Work instruction: From the listing that follows, count the lines including "roll" and give the number alone.

Dataset extract:
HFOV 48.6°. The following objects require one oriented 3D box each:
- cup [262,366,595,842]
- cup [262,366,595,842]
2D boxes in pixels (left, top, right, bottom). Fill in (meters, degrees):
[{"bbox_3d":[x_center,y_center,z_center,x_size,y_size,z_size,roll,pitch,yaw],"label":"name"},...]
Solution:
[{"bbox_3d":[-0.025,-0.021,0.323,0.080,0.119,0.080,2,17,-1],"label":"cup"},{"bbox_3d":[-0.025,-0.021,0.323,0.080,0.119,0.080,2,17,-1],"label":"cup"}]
==
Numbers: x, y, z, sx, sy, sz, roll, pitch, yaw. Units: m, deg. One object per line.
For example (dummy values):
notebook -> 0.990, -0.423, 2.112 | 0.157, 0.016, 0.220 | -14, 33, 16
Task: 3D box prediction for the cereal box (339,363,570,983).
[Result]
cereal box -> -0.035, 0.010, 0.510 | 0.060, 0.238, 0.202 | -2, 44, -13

Output of the exercise: 2